The group expects to rely on some commercially available software and some open source software. But the comparative nature of the project is expected to present some bioinformatics challenges as well, since none of the existing algorithms or software are equipped to accommodate and compare 100,000 genome sequences simultaneously, Weimer explained. In addition to the software groups that they are already working with, he noted that the 100K Genome Project members are "looking for partners who want to take on a challenge in this area."

"The biggest thing that needs to be done is there's no piece of software that can do this large-scale [genome] comparison side-by-side," he said.

Data generated for the 100K Genome Project will be made available to other members of the research community through open-access databases, including those hosted by the National Center for Biotechnology Information.

"NCBI has made the commitment to harmonize the annotations across all of the genomes — those coming from this project and other genomes that are being done by other groups," Weimer said. "So [for example] there will be a harmonious annotation set for all of Salmonella that are deposited to NCBI."

In addition, there will likely be sequence information deposited to similar databases in Europe and to the Pathosystems Resource Integration Center, or PATRIC, a pathogen genomics database hosted by the Virginia Bioinformatics Institute at Virginia Tech.

Organisms that have been prioritized for sequencing first, known as "tier 1" isolates, include bugs from the Salmonella, Campylobacter, Vibrio, and Listeria genera, as well as E. coli. After that, they will sequence more or less of a given pathogen depending on the interests of collaborating partners, the genome representations available, and so on.

Some of these organisms have not been well characterized genomically, while others have already been the subject of large-scale sequencing efforts but have so much genetic diversity that further sequencing is still needed.

For instance, although an astounding number of Campylobacter isolates have been collected, Weimer explained, just 35 or so have been sequenced.

On the other hand, several large-scale sequencing projects are underway for another tier 1 organism: Salmonella.

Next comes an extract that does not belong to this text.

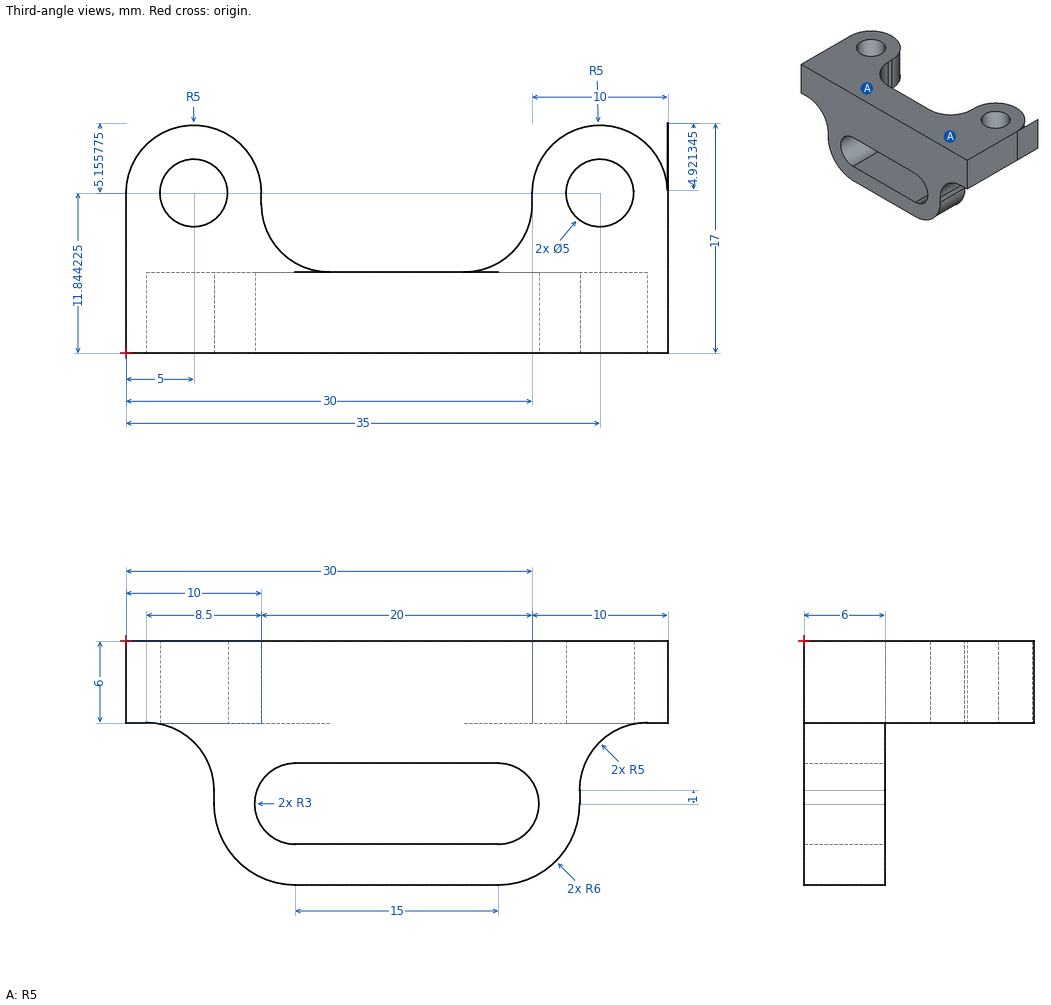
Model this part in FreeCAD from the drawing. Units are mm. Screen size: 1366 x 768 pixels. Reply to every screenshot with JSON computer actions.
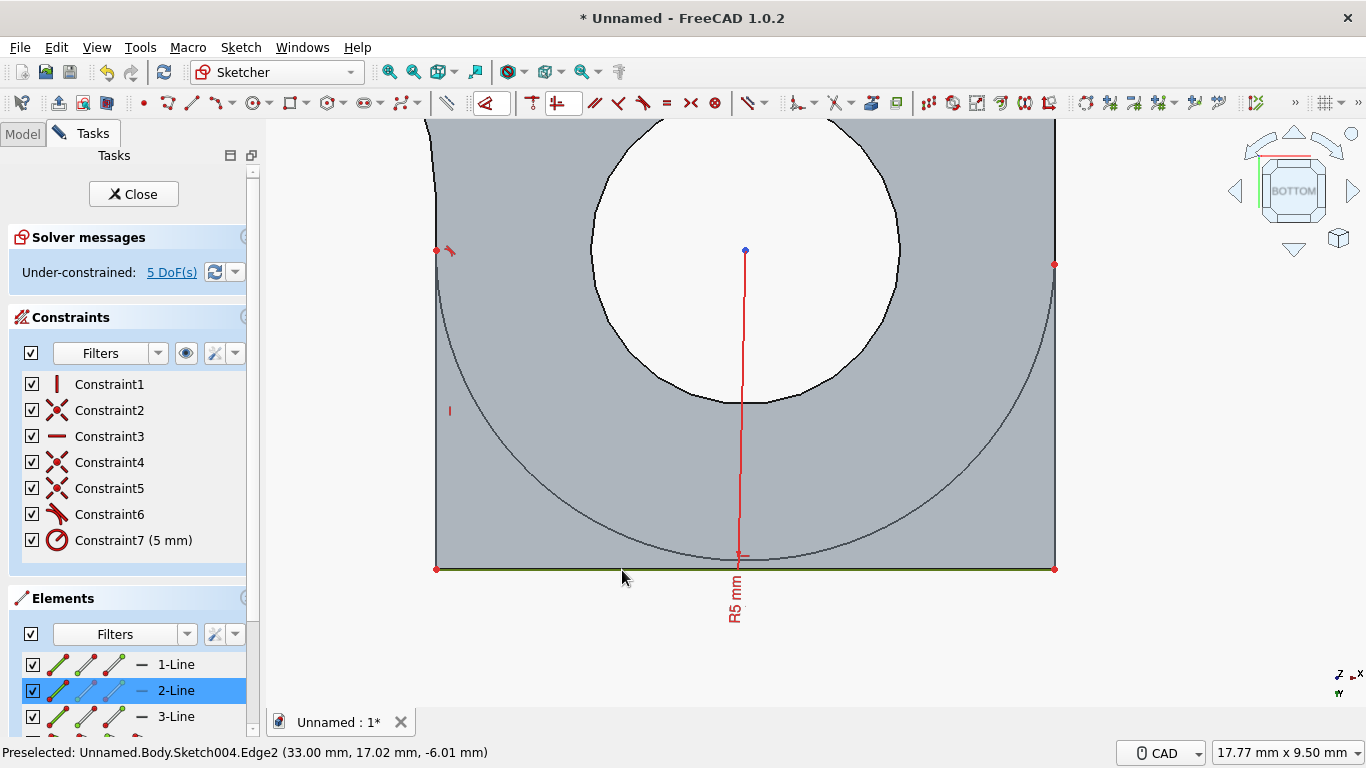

But because so much serodiversity exists for the organism, the FDA and other members of the 100K Genome Project partnership are keen to include it in the new study.

"We'll be sequencing about 50 or 60 serotypes of Salmonella and we'll do 10 to 20 isolates of every serotype," he said "So we'll get a really, really good perspective of what the genomic diversity is by serotype."

The second tier includes Yersinia, Clostridium, Shigella, Enterococcus, and Cronobacter, while several food-associated viruses, including rotavirus, hepatitis, and norovirus, are among the tier 3 organisms.

The timeline for sequencing genomes within each tier will depend to some extent on how the production process goes and on how collaborations with other groups evolve, Weimer said.

The researchers estimate that they'll be able to plow through around 1,500 genomes in the first year while they're tweaking library preparation protocols and setting up the framework for automating the rest of the project.

During the second and subsequent years of the project, they hope to ramp up that sequencing output to around 25,000 organisms annually.

At the moment, members of the 100K Genome Project team are continuing to shore up collaborations with researchers at academic centers, agencies, and companies who are working on isolates of interest from different parts of the world.